Monday, October 05, 2009
Duplicate content has been a hot topic among webmasters and our blog for over three years. One of
our first posts on the
subject came out in December of '06, and our
most recent post was last
week. Over the past three years, we've been providing tools and tips to help webmasters control
which URLs we crawl and index, including a) use of 301
redirects, b)
www vs. non-www preferred domain setting,
c) change of address option, and d)
rel="canonical"
.
We're happy to announce another feature to assist with managing duplicate content: parameter handling. Parameter handling allows you to view which parameters Google believes should be ignored or not ignored at crawl time, and to overwrite our suggestions if necessary.
Let's take our old example of a site selling Swedish fish. Imagine that your preferred version of the URL and its content looks like this:
https://www.example.com/product.php?item=swedish-fish
However, you may also serve the same content on different URLs depending on how the user navigates around your site, or your content management system may embed parameters such as < code>sessionid:
https://www.example.com/product.php?item=swedish-fish&category=gummy-candy https://www.example.com/product.php?item=swedish-fish&trackingid=1234&sessionid=5678
With the "Parameter Handling" setting, you can now provide suggestions to our crawler to ignore the parameters category, trackingid, and sessionid. If we take your suggestion into account, the net result will be a more efficient crawl of your site, and fewer duplicate URLs.

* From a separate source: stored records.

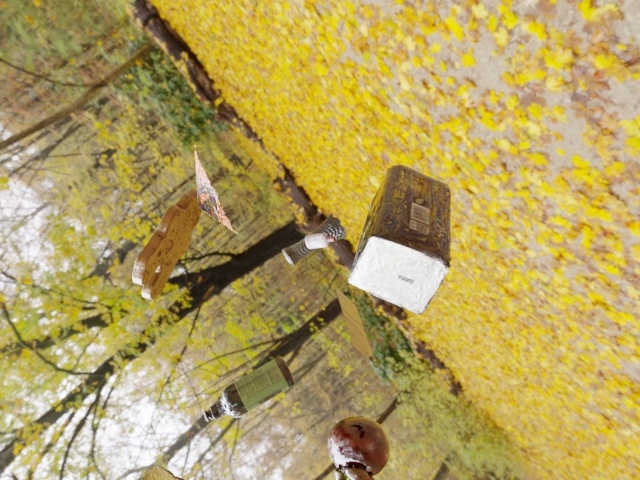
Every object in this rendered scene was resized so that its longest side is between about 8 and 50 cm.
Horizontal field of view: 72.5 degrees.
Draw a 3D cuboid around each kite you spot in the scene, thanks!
[{"bbox_3d":[-0.266,-0.097,1.021,0.125,0.008,0.222,-27,89,55],"label":"kite"}]

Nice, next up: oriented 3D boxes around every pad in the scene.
[{"bbox_3d":[0.120,0.288,1.508,0.159,0.009,0.265,45,-162,-39],"label":"pad"}]

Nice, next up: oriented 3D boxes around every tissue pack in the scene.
[{"bbox_3d":[0.219,-0.018,1.126,0.210,0.198,0.370,26,-142,-1],"label":"tissue pack"}]

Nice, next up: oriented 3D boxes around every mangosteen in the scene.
[{"bbox_3d":[0.129,0.735,1.483,0.215,0.215,0.257,53,-150,-45],"label":"mangosteen"}]

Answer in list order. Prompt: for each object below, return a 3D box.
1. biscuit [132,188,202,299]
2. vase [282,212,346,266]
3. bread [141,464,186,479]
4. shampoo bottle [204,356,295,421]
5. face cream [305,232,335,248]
[{"bbox_3d":[-0.380,-0.001,1.103,0.044,0.295,0.186,21,148,2],"label":"biscuit"},{"bbox_3d":[-0.025,0.005,1.639,0.115,0.237,0.115,52,167,18],"label":"vase"},{"bbox_3d":[-0.435,0.733,1.111,0.178,0.266,0.141,2,129,34],"label":"bread"},{"bbox_3d":[-0.221,0.465,1.329,0.101,0.284,0.101,56,164,25],"label":"shampoo bottle"},{"bbox_3d":[0.000,0.000,1.158,0.021,0.083,0.040,-41,-60,-61],"label":"face cream"}]

Since we launched the feature, here are some popular questions that have come up:
Are the suggestions provided a hint or a command?
Your suggestions are considered hints. We'll do our best to take them into account; however, there may be cases when the provided suggestions may do more harm than good for a site.

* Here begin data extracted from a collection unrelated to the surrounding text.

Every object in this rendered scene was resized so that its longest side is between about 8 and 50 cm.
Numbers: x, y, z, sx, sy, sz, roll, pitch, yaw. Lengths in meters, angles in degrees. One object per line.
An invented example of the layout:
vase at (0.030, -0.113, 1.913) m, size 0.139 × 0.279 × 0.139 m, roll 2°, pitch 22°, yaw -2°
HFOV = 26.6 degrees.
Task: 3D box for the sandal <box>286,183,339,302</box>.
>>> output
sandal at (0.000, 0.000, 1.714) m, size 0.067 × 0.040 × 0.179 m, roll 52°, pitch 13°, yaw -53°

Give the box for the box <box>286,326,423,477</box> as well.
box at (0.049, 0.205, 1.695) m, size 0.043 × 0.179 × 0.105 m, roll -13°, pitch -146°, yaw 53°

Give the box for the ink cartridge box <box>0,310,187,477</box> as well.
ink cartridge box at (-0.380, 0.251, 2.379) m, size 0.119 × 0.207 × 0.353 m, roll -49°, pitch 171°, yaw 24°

When do I use parameter handling vs rel="canonical"
?
rel="canonical"
is a great tool to manage duplicate content issues, and has had huge
adoption. The differences between the two options are:
-
rel="canonical"
has to be put on each page, whereas parameter handling is set at the host level -
rel="canonical"
is respected by many search engines, whereas parameter handling suggestions are only provided to Google
Use which option works best for you; it's fine to use both if you want to be very thorough.
As always, your feedback on our new feature is appreciated.